Bedtime Stories: Dec. 2019

  • December 17, 2019

What do book lovers have queued up on their nightstands and ready to read before lights-out? We asked one of them, and here’s what she said.

Bedtime Stories: Dec. 2019









Sophie Littlefield/Sofia Grant:

When I teach genre-fiction writing, I like to ask my students what book they recently loved. In that environment, there seems to be little pressure to try to impress each other with the weighty substance or intellectual density of our TBR piles, and I’ve often followed these recommendations to a great read.          

But when I’m asked that same question, I always feel the tug of insecurity and am tempted to pad my list with fancy reads so everyone will think I’m smart. Not this time! On the brink of a new year, and in the spirit of my resolute desire to be more honest, here are the last few books that have come into my orbit:          

Two comfort reads, by two of my favorite authors: If You Only Knew by Kristan Higgins and The Identicals by Elin Hilderbrand. These two authors write emotion brilliantly.          

My own novella, Survivors, from a zombie apocalypse trilogy I wrote a number of years ago. I rarely re-read my own work, but I wanted to see if I had actually been any good at horror because I’ve been idly thinking of taking a stab (ha!) at it again. And it was good — much better than I remembered, which I think is often the case for authors.          

Diksha Basu’s The Windfall, which was recommended to me by one of the staff at my local bookstore, and which I adored for its clumsy, deeply flawed, and yet ultimately tender characters.          

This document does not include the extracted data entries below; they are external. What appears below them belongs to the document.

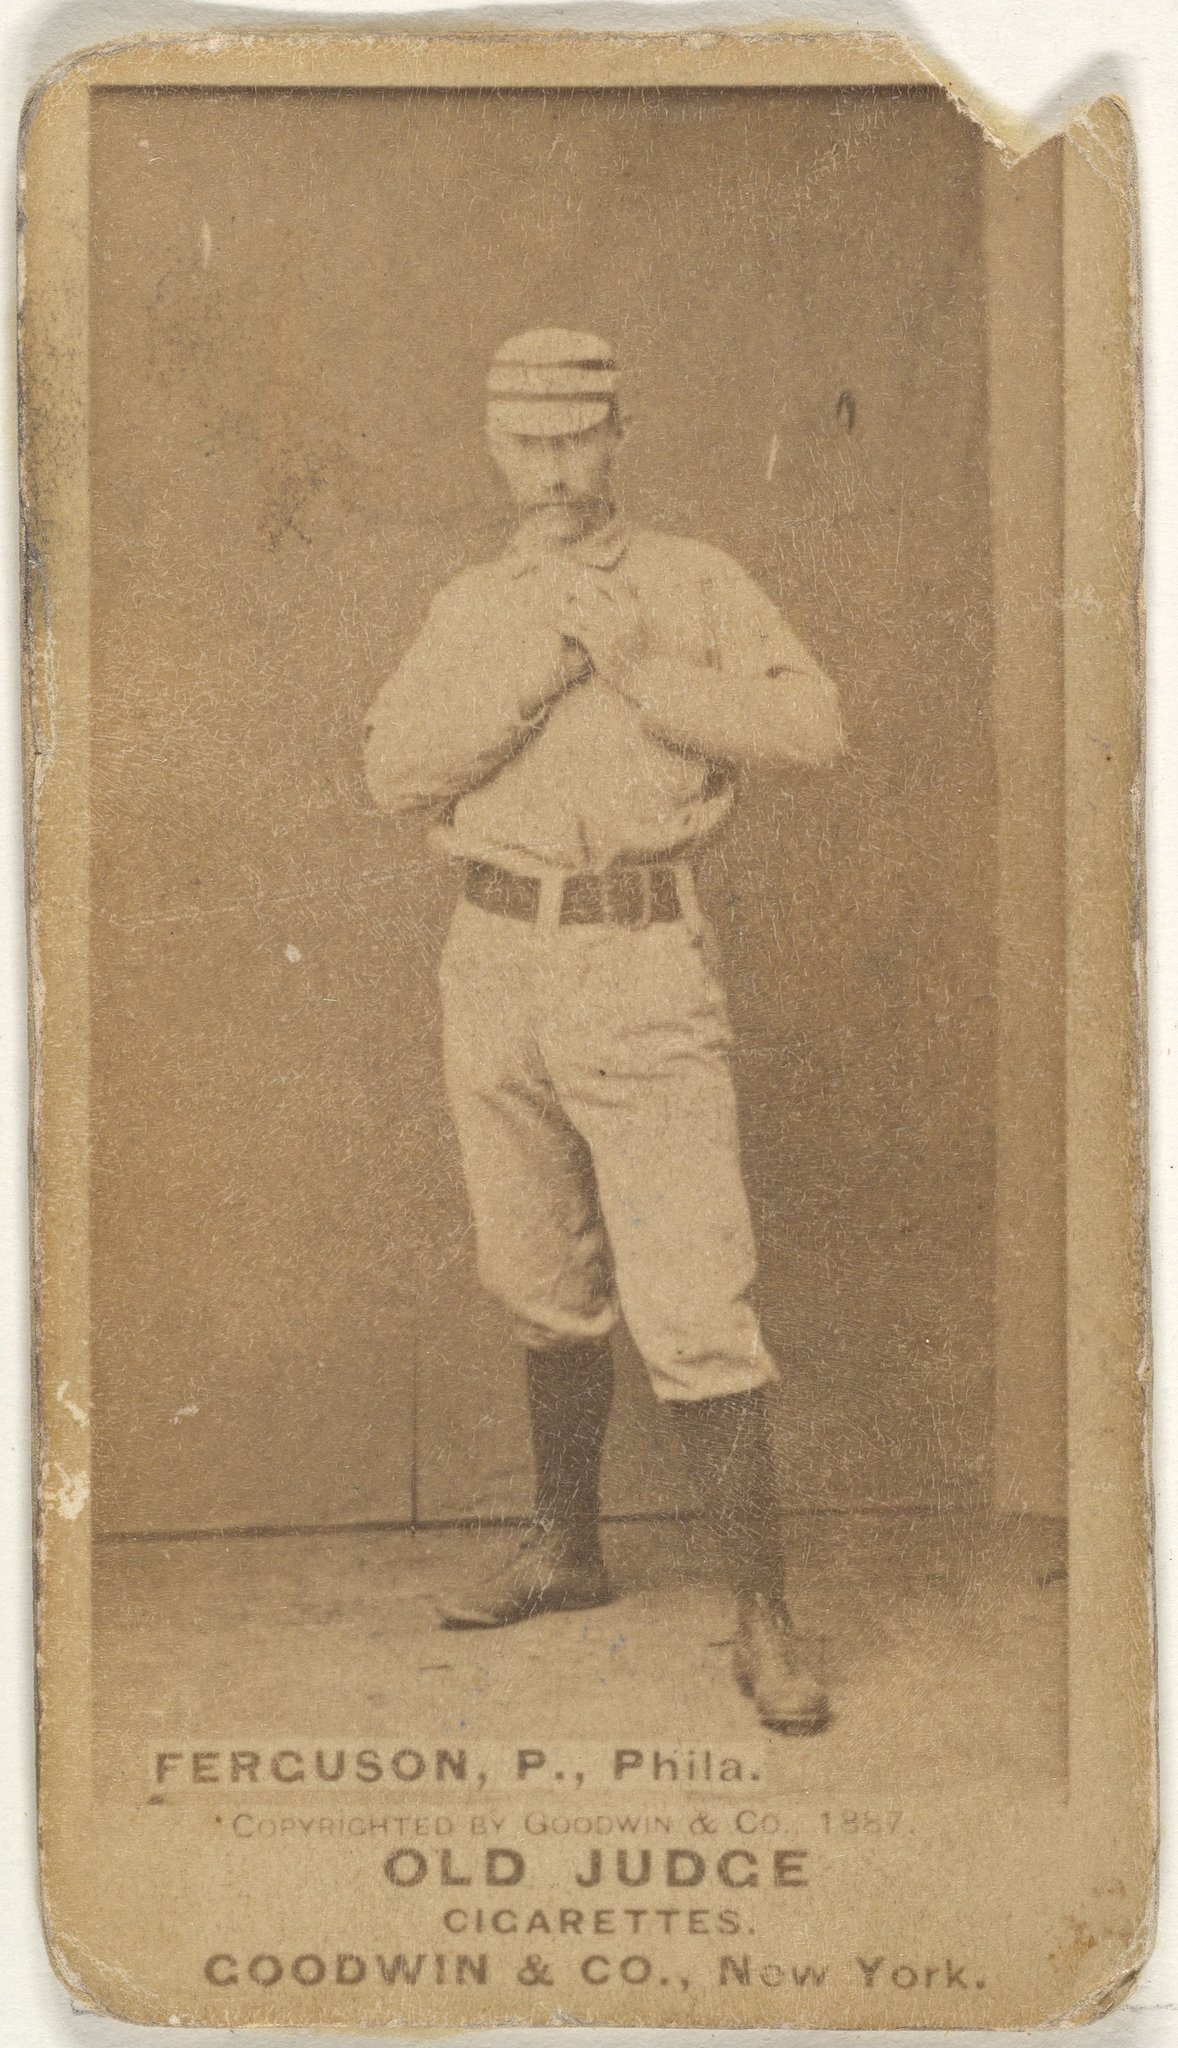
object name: baseball card, photograph
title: Charles J. "Charlie" Ferguson, Pitcher, Philadelphia, from the Old Judge series (N172) for Old Judge Cigarettes
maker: goodwin & company
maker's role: publisher
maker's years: 1850-1950
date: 1887
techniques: albumen silver print
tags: men,portraits,baseball,athletes

Femininity in Flight by Kathleen M. Barry, a social and political history of flight attendants, for a project I’m considering starting. I’ve stumbled into this subject at the same time I’ve reached an age where my daughter’s generation’s feminism is settling into the shape to which it will probably hew in the future, and the gender/sexual battles which I and my peers lived through have receded and are now viewed through a lens that can seem sepia-tinted and somewhat dismissive (while at the same time feeling distressingly, urgently persistent).

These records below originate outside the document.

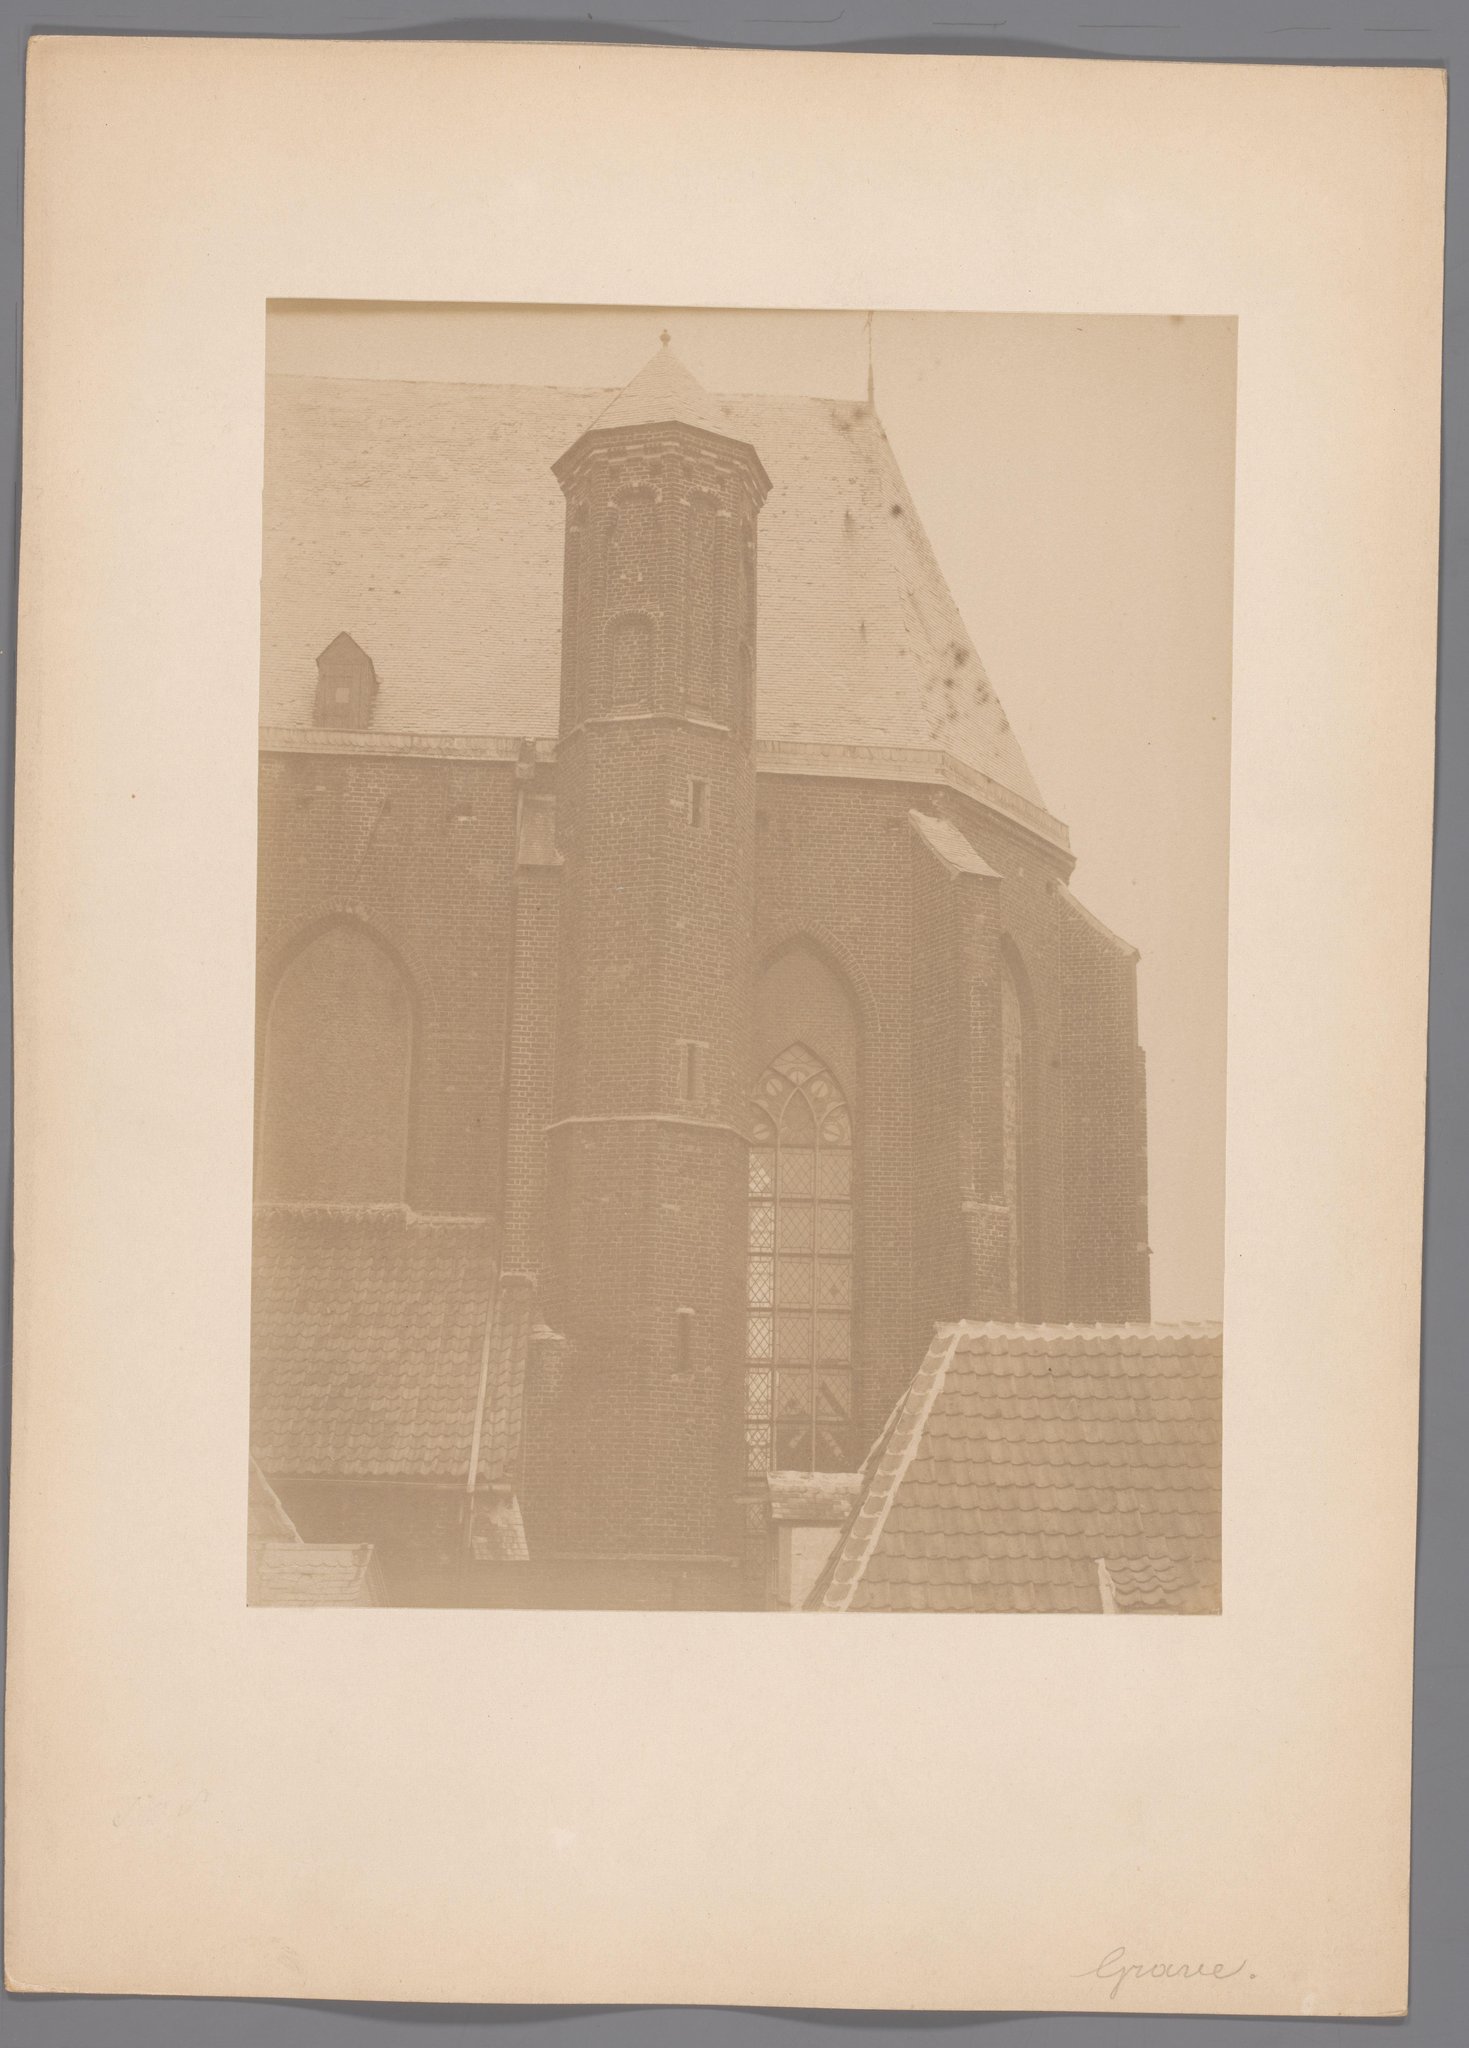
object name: photograph
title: Gedeelte van de Sint-Elisabethkerk te Grave
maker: anoniem (monumentenzorg)
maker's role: fotograaf
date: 1890-1920
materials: cardboard, photographic support
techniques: albumen print
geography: grave
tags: parts of church exterior and annexes: choir
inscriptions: annotation: ‘Grave/ R.C. kerk (koor)’, annotation: ‘Grave’

This study of stewardesses/flight attendants, long the subject of snide humor, neatly encapsulates nearly a century of feminism in a way that feels important — and there’s a deliciously Handmaid’s-Tale-esque narrative in the training and grooming of early hires. Someone should make a TV series! Oh, wait — they did. “Pan Am” wasn’t bad, but I’m thirsting for a different treatment, one that leans hard into the dark side (à la “Call the Midwife,” which — had you asked me what TV I loved lately — would be at the top of my list). I mention this because I’m realizing that there is no historical fiction on this list, and that is what I write, after all!          

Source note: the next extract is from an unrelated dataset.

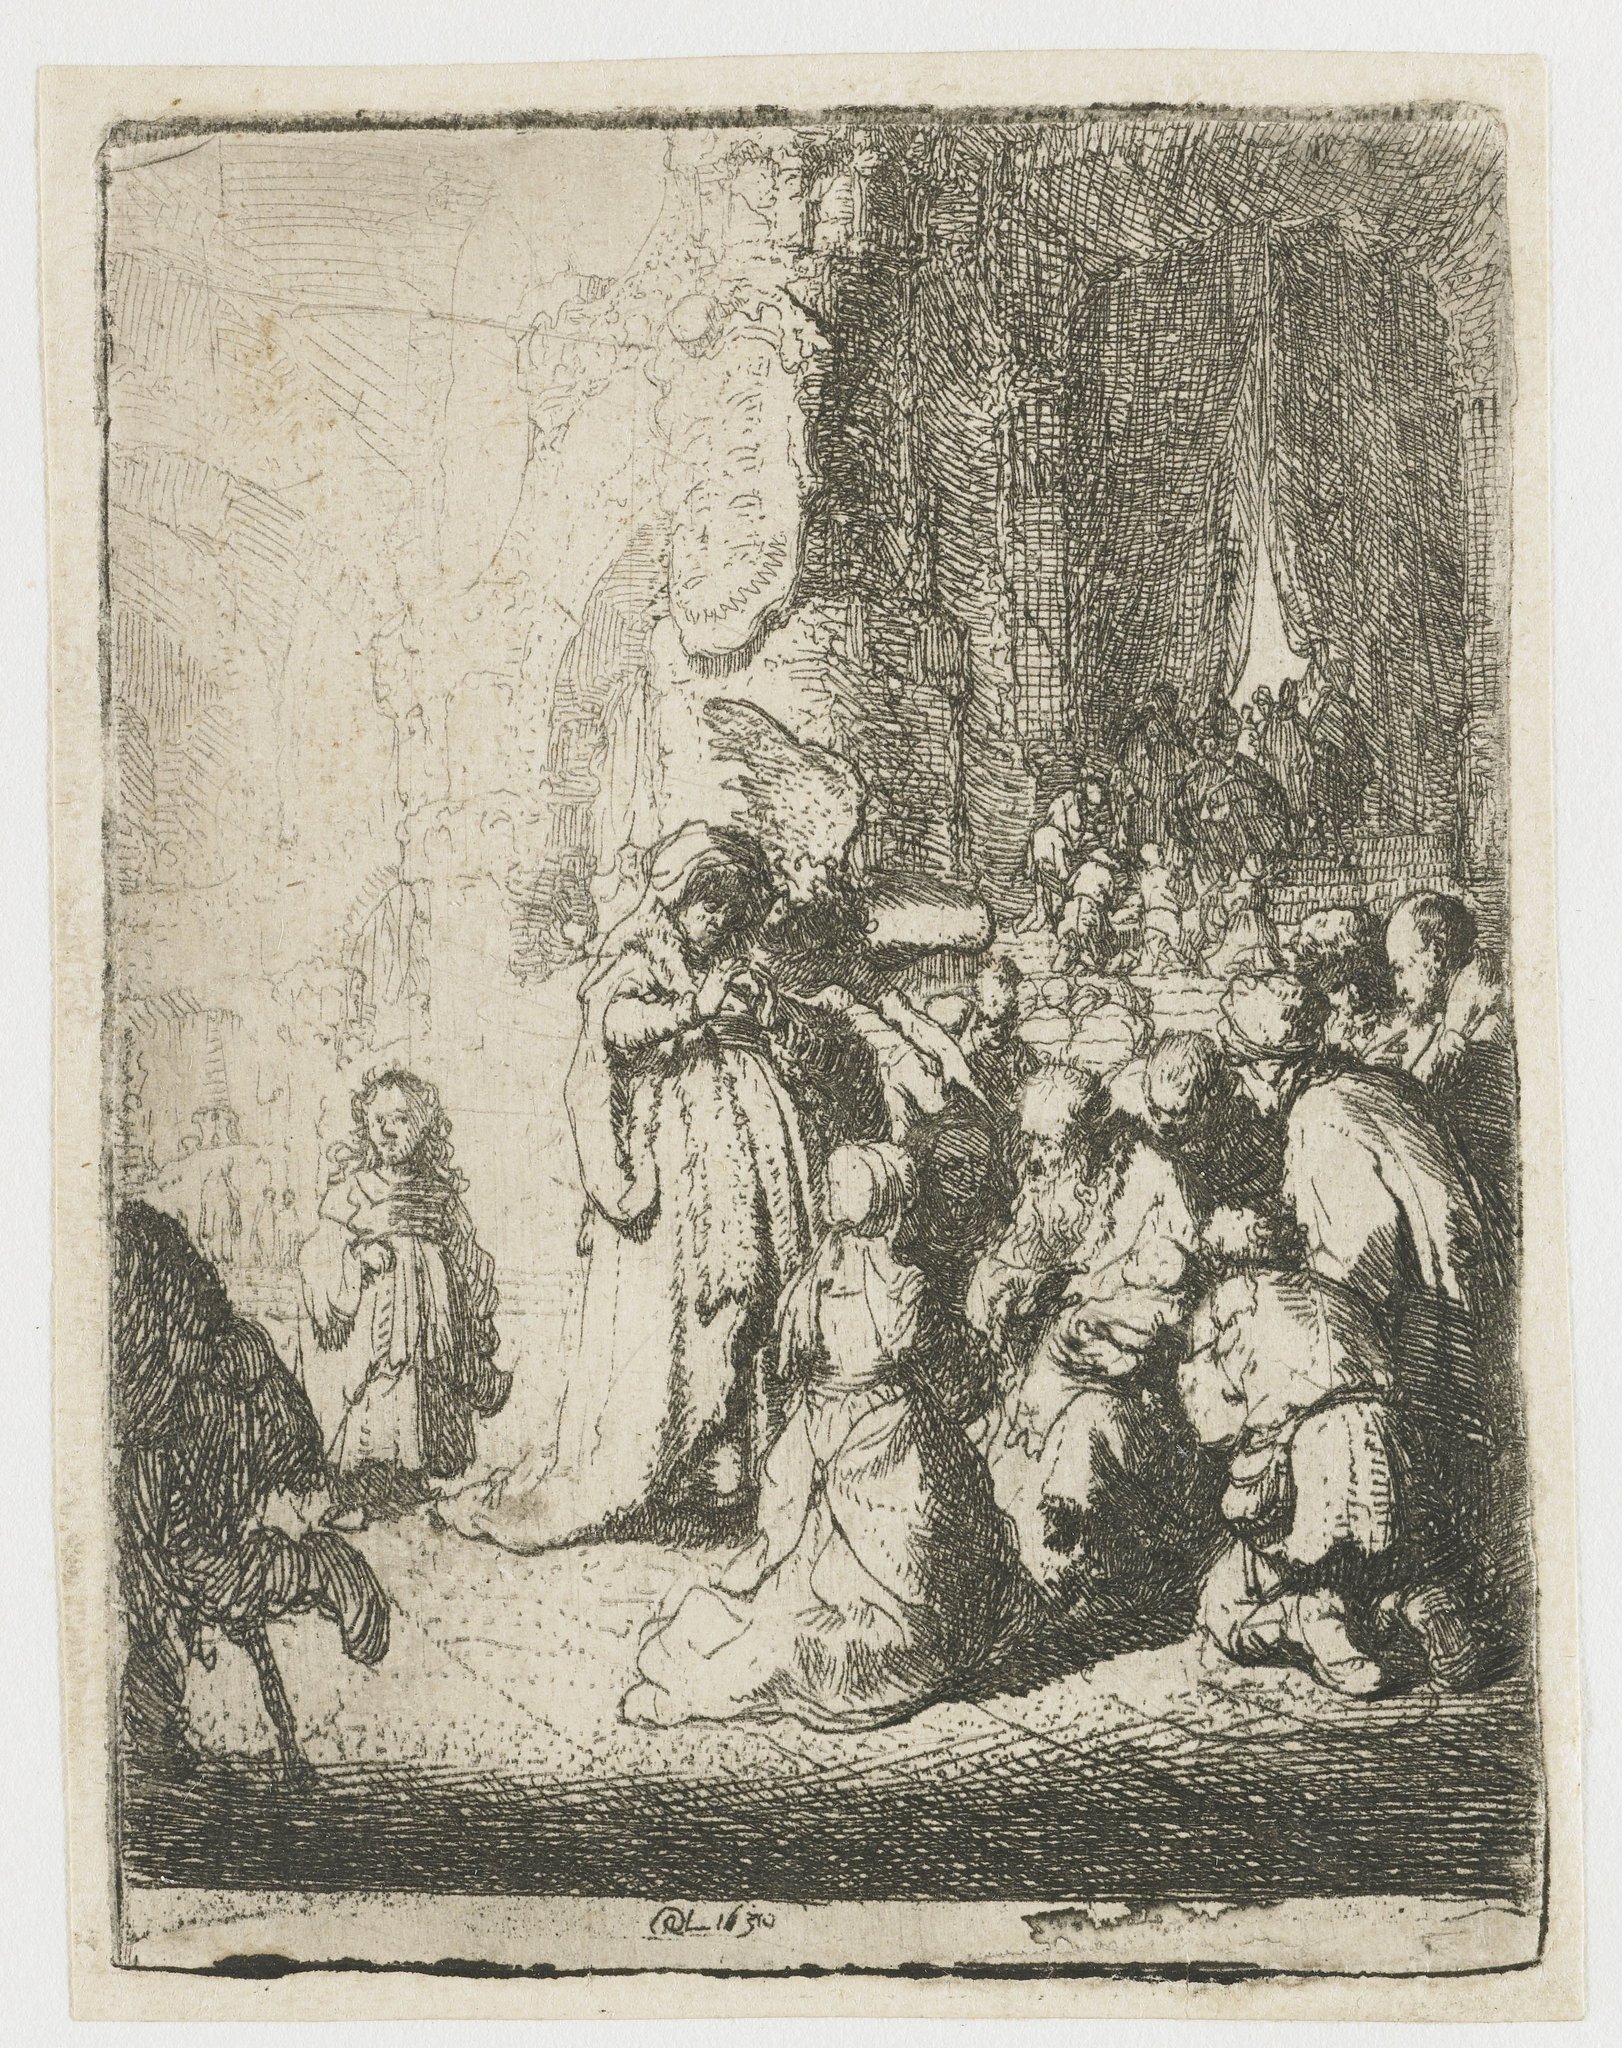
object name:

Oops — got a little distracted there! On to my upcoming reads:

You Should Have Known by Jean Hanff Korelitz and Red, White & Royal Blue by Casey McQuiston. The former was recommended by one of my very best friends — we have a little book club of two and have been focused on thrillers for the past year — and the latter by a young agent at my agent’s agency. (I did try to re-word that last phrase — honest — but that was the best I could do!) I plan to spend Christmas afternoon with these and a healthy dose of “Gentleman Jack.”

Cheers to all!

Called a “writing machine” by the New York Times and a “master storyteller” by the Midwest Book Review, Sophie Littlefield has written dozens of novels for adults and teens under her own name and the pen name Sofia Grant. She has won Anthony and RT Book awards and been shortlisted for Edgar, Barry, Crimespree, Macavity, and Goodreads Choice awards.